Simple device to reduce the risk of tearing during childbirth
A simple, flexible plastic device developed by doctors in Sweden could help prevent women from suffering a perineal tear during childbirth.
The device, called Babyslide, reduced the risk of a serious tear in new mothers (the group at highest risk) by up to 60 percent, new research shows. The device is inserted between the vaginal wall and the baby’s head at the time of coronation (when the head becomes visible) and is said to help distribute the pressure of the baby’s head over a larger surface area, reducing the chance of a tear is reduced.
Tearing of the perineum – the area between the vagina and the anus – can happen during the baby’s passage, due to stretching of the tissue.
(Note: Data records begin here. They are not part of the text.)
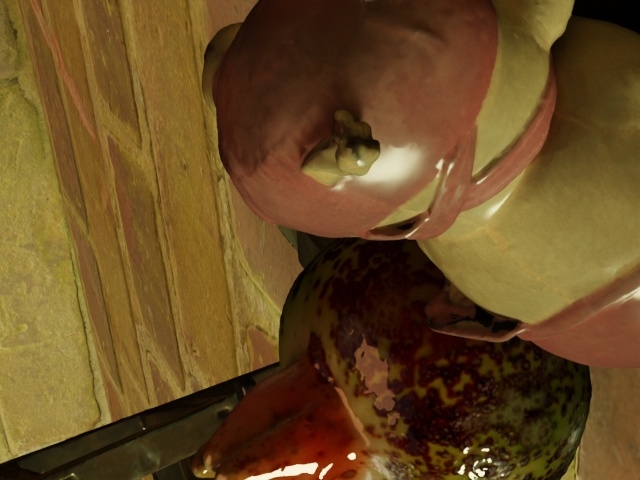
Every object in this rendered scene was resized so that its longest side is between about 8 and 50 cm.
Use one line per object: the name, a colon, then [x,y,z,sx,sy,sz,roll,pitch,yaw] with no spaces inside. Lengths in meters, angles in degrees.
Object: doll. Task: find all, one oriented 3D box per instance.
doll: [0.080,-0.038,0.436,0.152,0.256,0.196,-65,18,-12]

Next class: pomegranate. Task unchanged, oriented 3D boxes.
pomegranate: [0.038,0.089,0.604,0.214,0.248,0.214,39,138,47]

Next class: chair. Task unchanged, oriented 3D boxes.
chair: [-0.059,0.203,0.734,0.241,0.416,0.203,-25,84,62]

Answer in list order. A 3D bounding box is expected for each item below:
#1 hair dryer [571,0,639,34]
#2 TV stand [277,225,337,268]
hair dryer: [0.133,-0.270,0.351,0.303,0.120,0.359,106,155,-78]
TV stand: [0.000,0.000,0.920,0.256,0.040,0.049,49,150,47]

It’s very common: according to the NHS, up to nine in 10 new mothers who have a vaginal birth will have some kind of tearing.
As Dr Kristin Andre, a doctor of obstetrics and gynecology at Helsingborg Hospital in Sweden, who led the recent study, explains, tears can cause short-term problems such as pain and irritation due to damage to the lining of the vagina; as well as long-term problems including incontinence and sexual dysfunction due to damage to the muscles in the pelvic floor.
Tears are graded based on their severity. Grade 1 or first-degree tears are minor cuts or scrapes that affect only the skin and usually heal quickly without treatment. Grade 2 (second degree) tears affect the muscles of the perineum and skin, and usually require stitches.
A third or fourth degree tear is deeper and involves the posterior passage/anal sphincter (a group of muscles around the anus that controls bowel movements) and must be repaired in an operating room.
The Swedish team said studies suggest as many as seven in 10 new mothers experience grade 2-4 perineal tearing – but most are grade 2.
Second-degree tears can affect sexual function and increase the risk of painful sex, urinary incontinence, and pelvic organ prolapse. And according to previous research, 15 percent of women with a second-degree tear may experience anal incontinence a year after giving birth.
A third or fourth degree tear, meanwhile, “can be a major cause of anal incontinence in women and lead to long-term morbidity.” [disease]’, researchers said.
But despite the number of women affected and the impact of these injuries on their quality of life, ‘few preventive measures have been shown to reduce the amount of perineal tearing’.
Currently, midwives can use warm compresses and perineal massage, which aim to make the tissue more supple.
However, a highly regarded 2017 Cochrane review found that these did not help reduce second-degree tears, although there was some ‘moderate quality’ evidence that they might reduce third- and fourth-degree tears.
The new Babyslide device reduced grade 2 to 4 tears by 60 percent. It is made of santoprene, a soft, flexible plastic. It consists of a longer flat strip of soft plastic (called the ‘tongue’) and has two smaller wings on each side at a 90 degree angle, made of the same material.
During crowning, the larger strip is inserted between the baby’s head and the back wall of the vagina. The shorter wings are on the outside, where they are held in place by the doctor or nurse, to provide continuous manual pressure on the perineum throughout the birth.
For the new study, 92 pregnant women were randomly divided into two groups: one used the Babyslide during labor, while the other group received standard care.
Results published in the American Journal of Obstetrics and Gynecology Maternal-Fetal Medicine showed that women in the Babyslide group had a significantly lower risk of sustaining a more extensive perineal tear than those in the control group.
Furthermore, despite concerns that the device itself might increase tearing of the labia (the folds of skin around the vaginal opening), they found that it actually reduced tearing of the labia, possibly because the pressure was distributed over a larger area.
Dr. Andre says the Baby-slide device, which costs £44 to buy privately, is easy for doctors and midwives to use and does not appear to be uncomfortable for mothers, although this was not evaluated in the study. She adds that warm compresses can still be applied while the device is in place.
Commenting on the research, Soo Downe, professor of obstetric studies at the University of Central Lancashire, said: ‘Reducing perineal tears is important for fertile women.
‘We know that some treatments, such as warm compresses and massage, can reduce the most severe tears, and these should be offered to women routinely.
‘This study suggests that there may also be a way to prevent mid-level disease [second-degree] tears. This is an important finding. However, as the authors said, the study is small and comes from just one hospital in Sweden.
‘Before the device is widely used, the results need to be tested in more locations, in different women and with different approaches to delivery, to see if they still hold true.’